Tips on soft ice cream and hard ice cream


Before understanding soft ice cream and hard ice cream, […]

Before understanding soft ice cream and hard ice cream, we must first know what ice cream is. what? You already know? I think you don’t know enough. Then let us read on together.

What is ice cream?

Ice cream is made of drinking water, milk, milk powder, cream (or vegetable oil), sugar, etc. as the main raw materials, adding appropriate food additives, and volume expansion made by mixing, sterilizing, homogenizing, aging, freezing, hardening and other processes Frozen food. It can be mass produced by industrial ice cream machinery.

Ice cream includes soft ice cream and hard ice cream. So what are their characteristics?

Soft ice cream (italian style ice cream): There is no hardening process in the production process of soft ice cream, and the expansion rate is 30%-60%. Generally, it can be made and sold in an ice cream machine.

Generally, a soft ice cream contains more nutrients (about 1.6 times) than a hard ice cream of the same volume; soft ice cream that has not been hardened will also be more creamy and mellow.

Soft ice cream was invented by J. Lyons and Co. in England in the 1930s.

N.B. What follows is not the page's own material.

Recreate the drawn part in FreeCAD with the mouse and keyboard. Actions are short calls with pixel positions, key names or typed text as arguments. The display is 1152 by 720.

The former British Prime Minister Margaret Thatcher, who worked at the company as a pharmacist at the time, was also involved in the development of soft ice cream emulsifiers.

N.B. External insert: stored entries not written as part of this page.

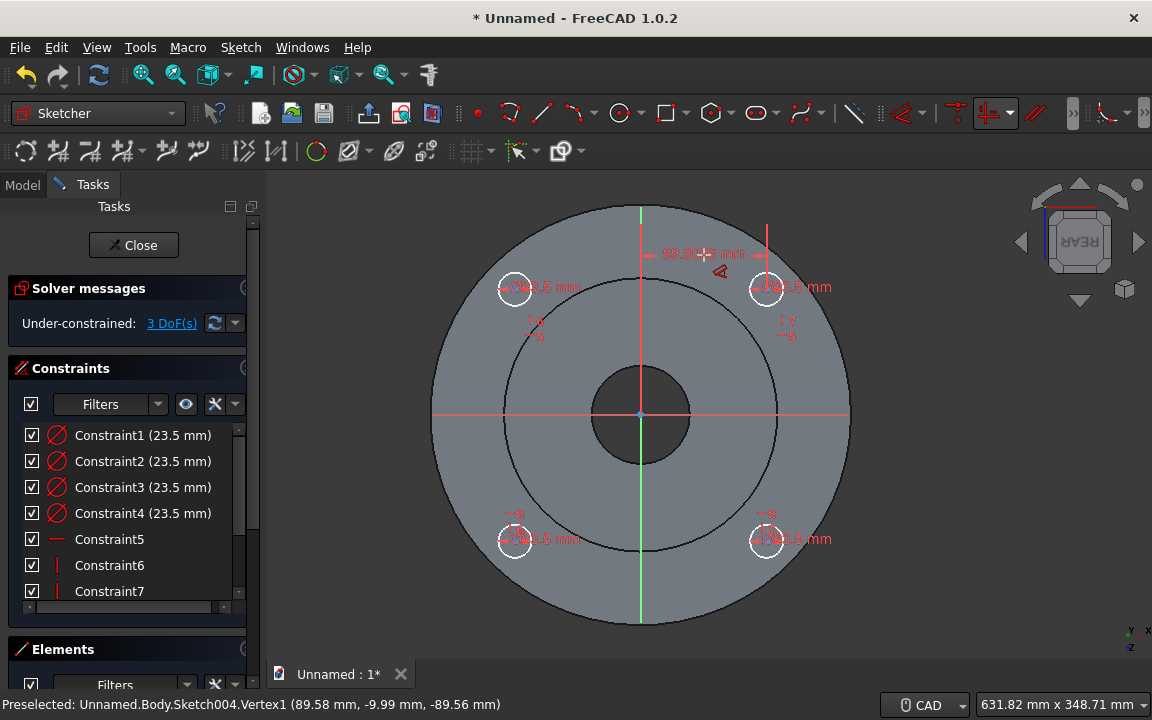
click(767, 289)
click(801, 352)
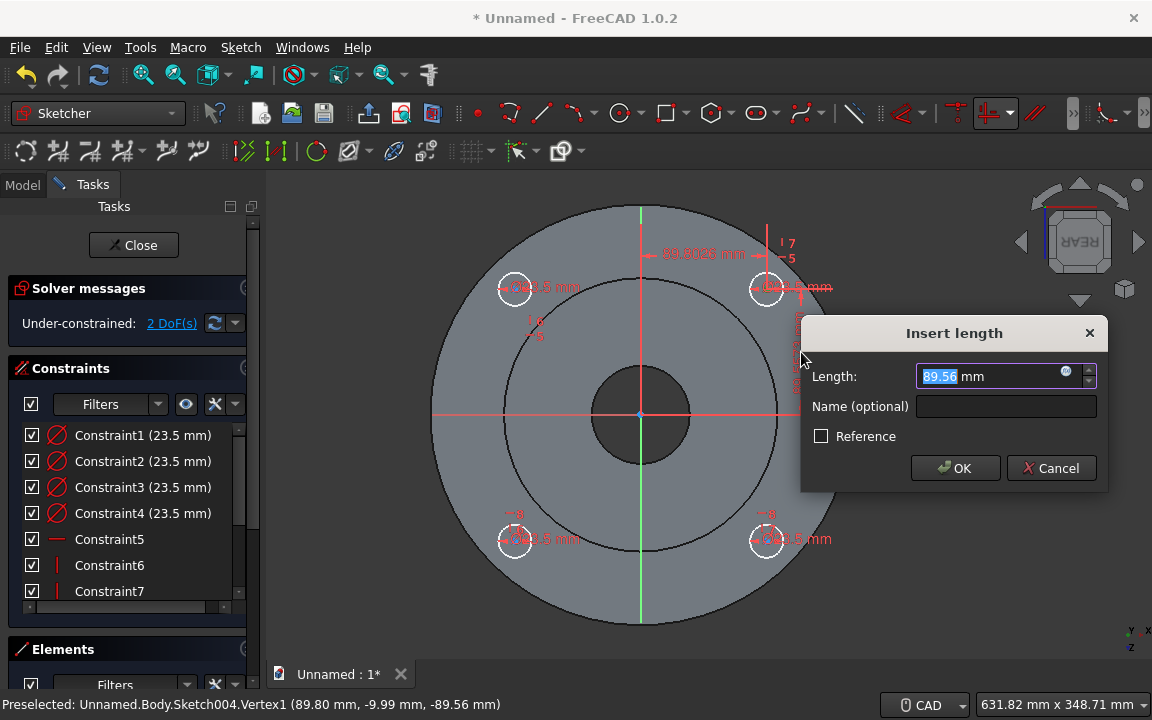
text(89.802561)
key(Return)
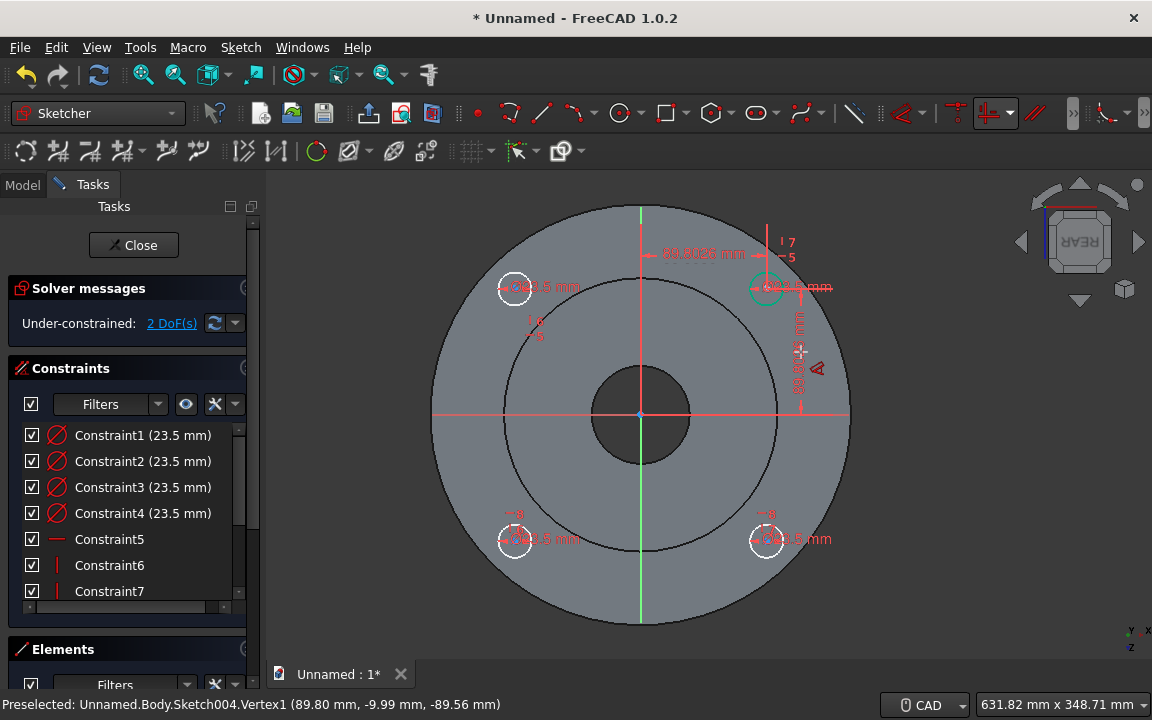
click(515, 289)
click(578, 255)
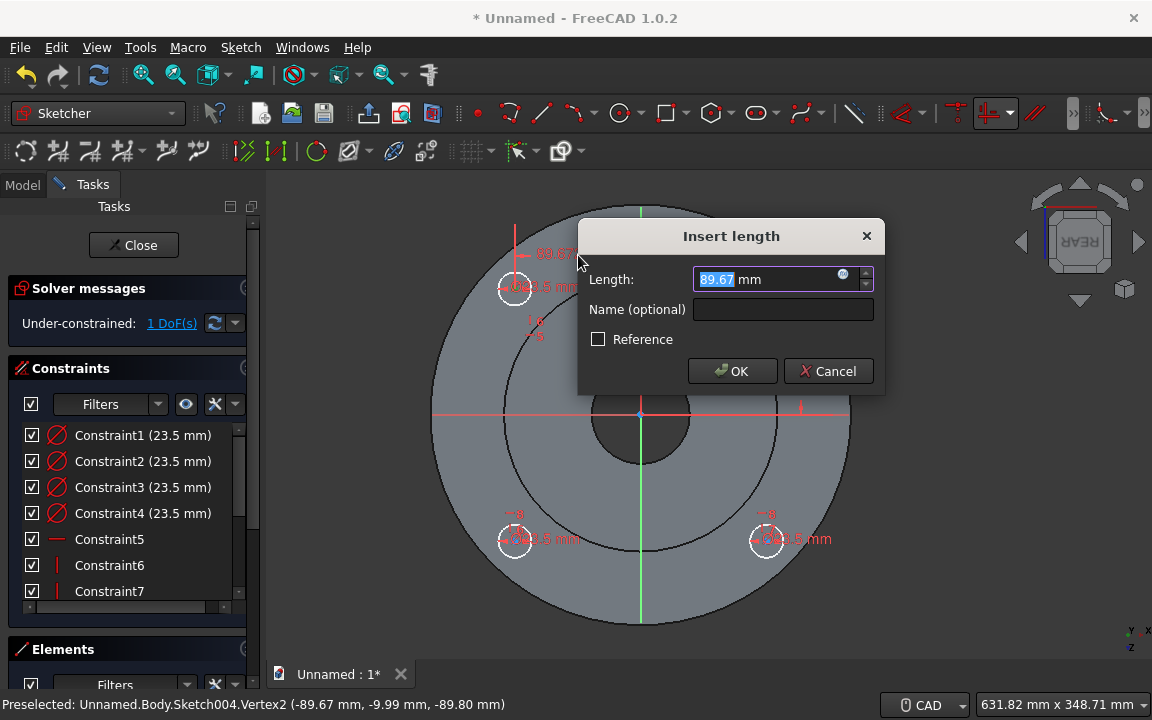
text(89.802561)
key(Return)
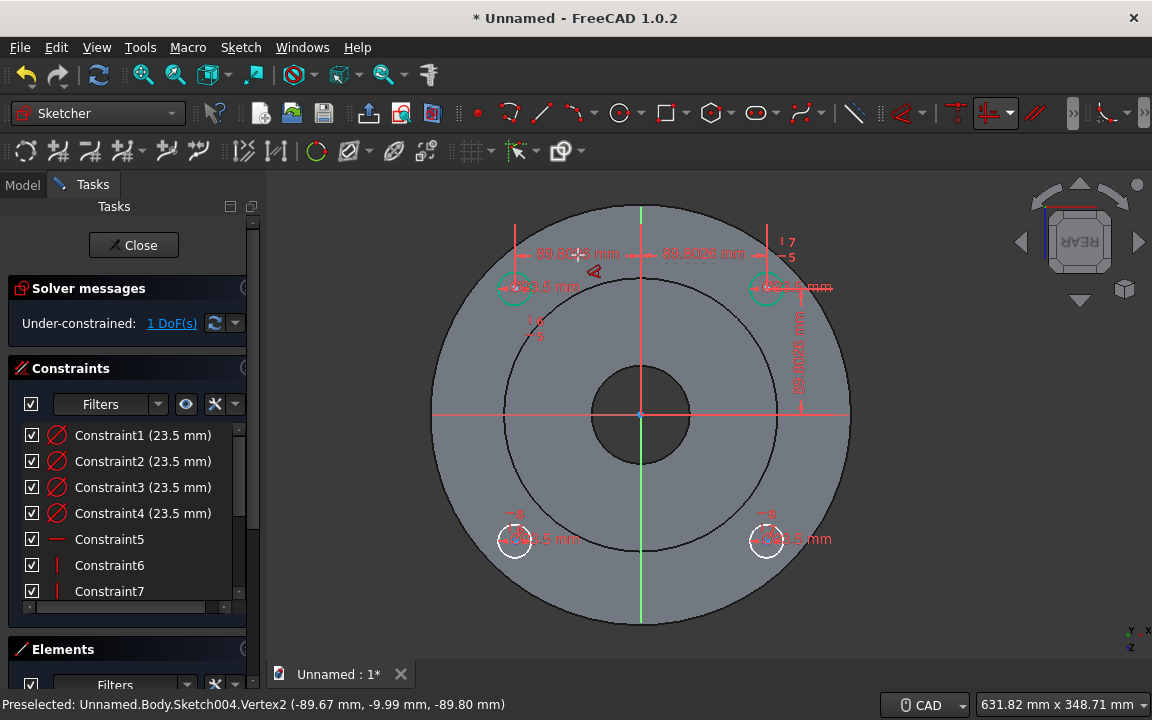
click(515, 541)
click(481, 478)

Hard ice cream (American ice cream): The expansion rate of hard ice cream (expansion rate refers to the ratio of the volume of the substance after expansion for some reason to the volume under normal conditions) is 80%-100%, and the hardening molding is to facilitate packaging and transport.

Hard ice cream is mainly processed in factories. The hard ice cream are produced by stick ice cream production line, automatic ice cream filling machine and other more different ice cream machine which provided by the ice cream machinery manufacturer and then finally frozen to the store for sale. Therefore, it can be seen from the appearance that the hard ice cream is harder. The ice particles inside are coarser.